Scoring
Enable scoring support via the scoring
parameter.
This scoring instance can serve two purposes, depending on the settings.
One use case is building sparse/keyword indexes. This occurs when the terms
parameter is set to True
.
The other use case is with word vector term weighting. This feature has been available since the initial version but isn't quite as common anymore.
The following covers the available options.
method
method: bm25|tfidf|sif|pgtext|sparse|custom
Sets the scoring method. Add custom scoring via setting this parameter to the fully resolvable class string.
pgtext
schema: database schema to store keyword index - defaults to being
determined by the database
Additional settings for Postgres full-text keyword indexes.
sparse
path: sparse vector model path
vectormethod: vector embeddings method
gpu: boolean|int|string|device
batch: Sets the transform batch size
encodebatch: Sets the encode batch size
vectors: additional model init args
encodeargs: additional encode() args
backend: ivfsparse|pgsparse
Sparse vector scoring options. The sparse scoring instance combines a sparse vector model with a sparse approximate nearest neighbor index (ANN).
ivfsparse
ivfsparse:
sample: percent of data to use for model training (0.0 - 1.0)

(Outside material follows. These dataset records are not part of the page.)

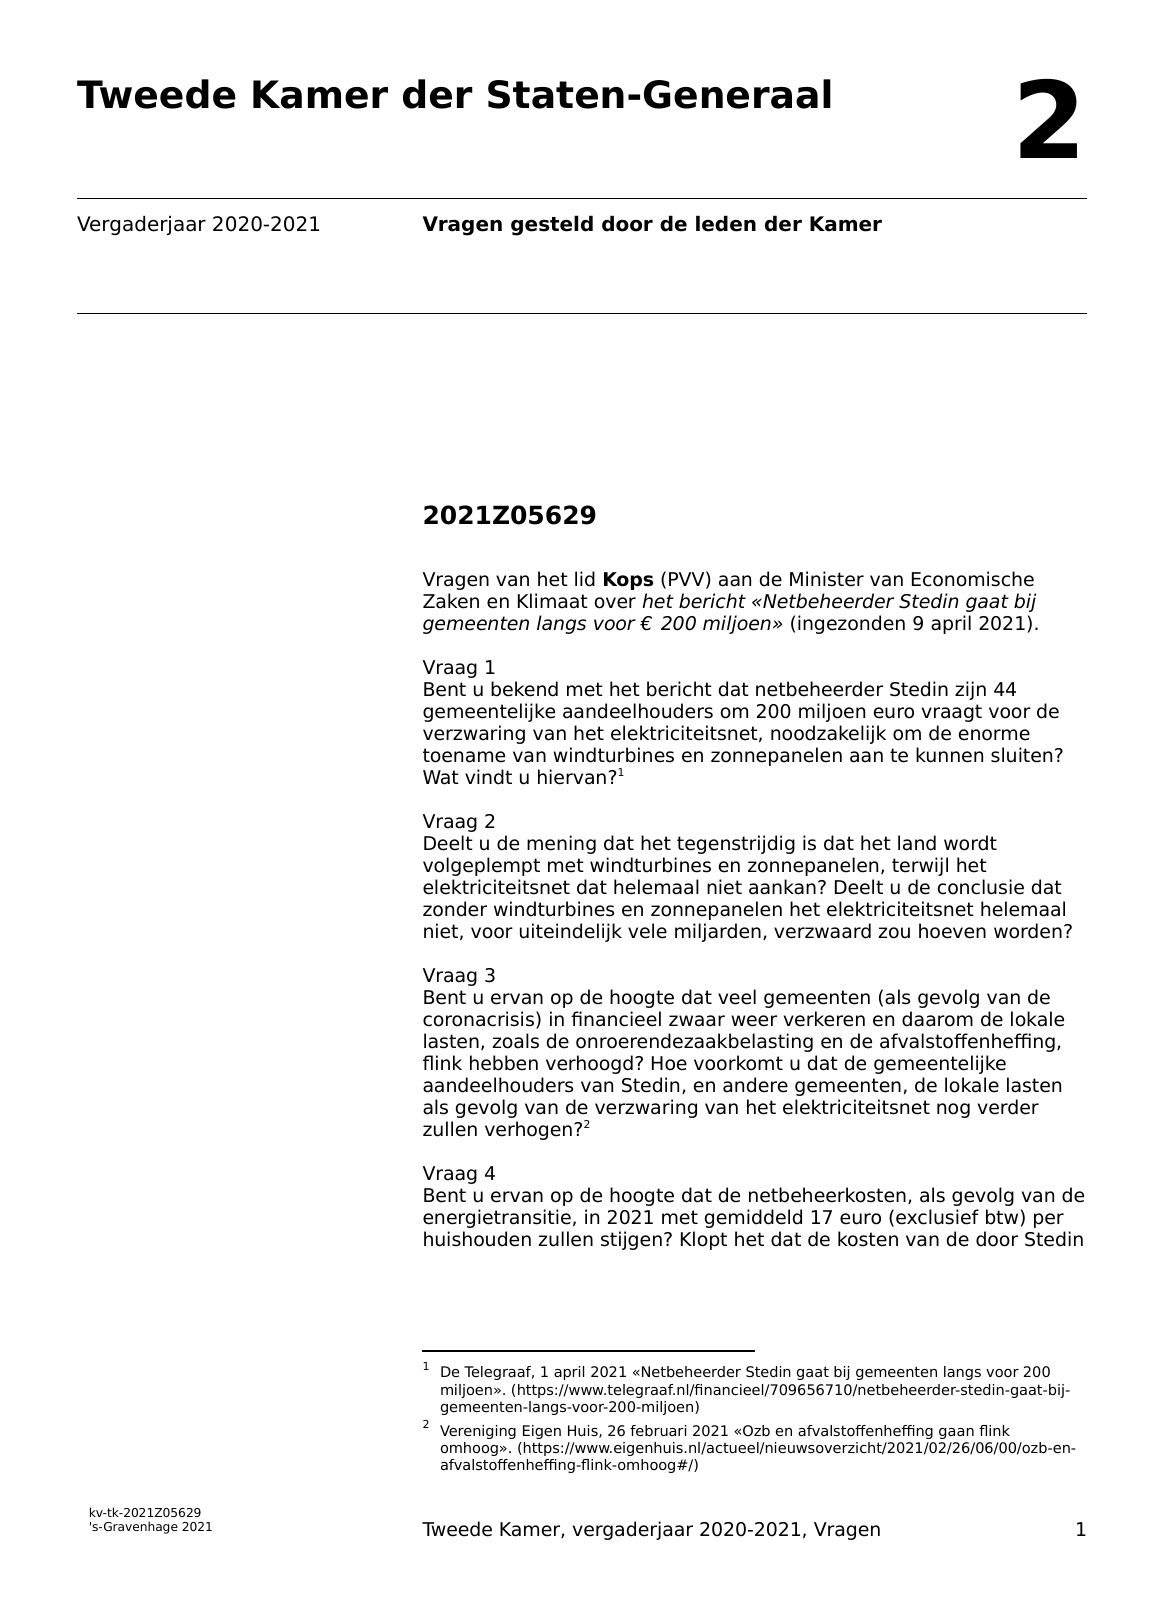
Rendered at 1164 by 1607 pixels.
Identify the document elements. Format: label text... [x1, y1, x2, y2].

table_cell Vergaderjaar 2020-2021 [77, 199, 422, 313]
text Vereniging Eigen Huis, 26 februari 2021 «Ozb en afvalstoffenheffing gaan flink omhoog». (https://www.eigenhuis.nl/actueel/nieuwsoverzicht/2021/02/26/06/00/ozb-en-afvalstoffenheffing-flink-omhoog#/) [422, 1418, 1087, 1474]
text 's-Gravenhage 2021 [88, 1520, 323, 1534]
text Vraag 4 [422, 1163, 1087, 1185]
text De Telegraaf, 1 april 2021 «Netbeheerder Stedin gaat bij gemeenten langs voor 200 miljoen». (https://www.telegraaf.nl/financieel/709656710/netbeheerder-stedin-gaat-bij-gemeenten-langs-voor-200-miljoen) [422, 1360, 1087, 1416]
text kv-tk-2021Z05629 [88, 1506, 323, 1520]
text Deelt u de mening dat het tegenstrijdig is dat het land wordt volgeplempt met windturbines en zonnepanelen, terwijl het elektriciteitsnet dat helemaal niet aankan? Deelt u de conclusie dat zonder windturbines en zonnepanelen het elektriciteitsnet helemaal niet, voor uiteindelijk vele miljarden, verzwaard zou hoeven worden? [422, 833, 1087, 943]
text Vraag 2 [422, 811, 1087, 833]
text Vragen van het lid Kops (PVV) aan de Minister van Economische Zaken en Klimaat over het bericht «Netbeheerder Stedin gaat bij gemeenten langs voor € 200 miljoen» (ingezonden 9 april 2021). [422, 569, 1087, 635]
text Bent u ervan op de hoogte dat veel gemeenten (als gevolg van de coronacrisis) in financieel zwaar weer verkeren en daarom de lokale lasten, zoals de onroerendezaakbelasting en de afvalstoffenheffing, flink hebben verhoogd? Hoe voorkomt u dat de gemeentelijke aandeelhouders van Stedin, en andere gemeenten, de lokale lasten als gevolg van de verzwaring van het elektriciteitsnet nog verder zullen verhogen? [422, 987, 1087, 1141]
text Vraag 1 [422, 657, 1087, 679]
text Bent u ervan op de hoogte dat de netbeheerkosten, als gevolg van de energietransitie, in 2021 met gemiddeld 17 euro (exclusief btw) per huishouden zullen stijgen? Klopt het dat de kosten van de door Stedin [422, 1185, 1087, 1251]
table_cell Vragen gesteld door de leden der Kamer [422, 199, 1087, 313]
text Vraag 3 [422, 965, 1087, 987]
table_header 2 [886, 59, 1087, 198]
text Bent u bekend met het bericht dat netbeheerder Stedin zijn 44 gemeentelijke aandeelhouders om 200 miljoen euro vraagt voor de verzwaring van het elektriciteitsnet, noodzakelijk om de enorme toename van windturbines en zonnepanelen aan te kunnen sluiten? Wat vindt u hiervan? [422, 679, 1087, 789]
table_header Tweede Kamer der Staten-Generaal [77, 59, 886, 198]
text 2021Z05629 [422, 501, 1087, 531]

nlist: desired number of clusters (int)
nprobe: search probe setting (int)
Inverted file (IVF) index with flat vector file storage and sparse array support.
pgsparse
Sparse ANN backed by Postgres. Supports same options as the pgvector ANN.
terms
terms: boolean|dict
Enables term frequency sparse arrays for a scoring instance. This is the backend for sparse keyword indexes.
Supports a dict
with the parameters cachelimit
and cutoff
.
cachelimit
is the maximum amount of resident memory in bytes to use during indexing before flushing to disk. This parameter is an int
.
cutoff
is used during search to determine what constitutes a common term. This parameter is a float
, i.e. 0.1 for a cutoff of 10%.
When terms
is set to True
, default parameters are used for the cachelimit
and cutoff
. Normally, these defaults are sufficient.
normalize
normalize: boolean
Enables normalized scoring (ranging from 0 to 1). When enabled, statistics from the index will be used to calculate normalized scores.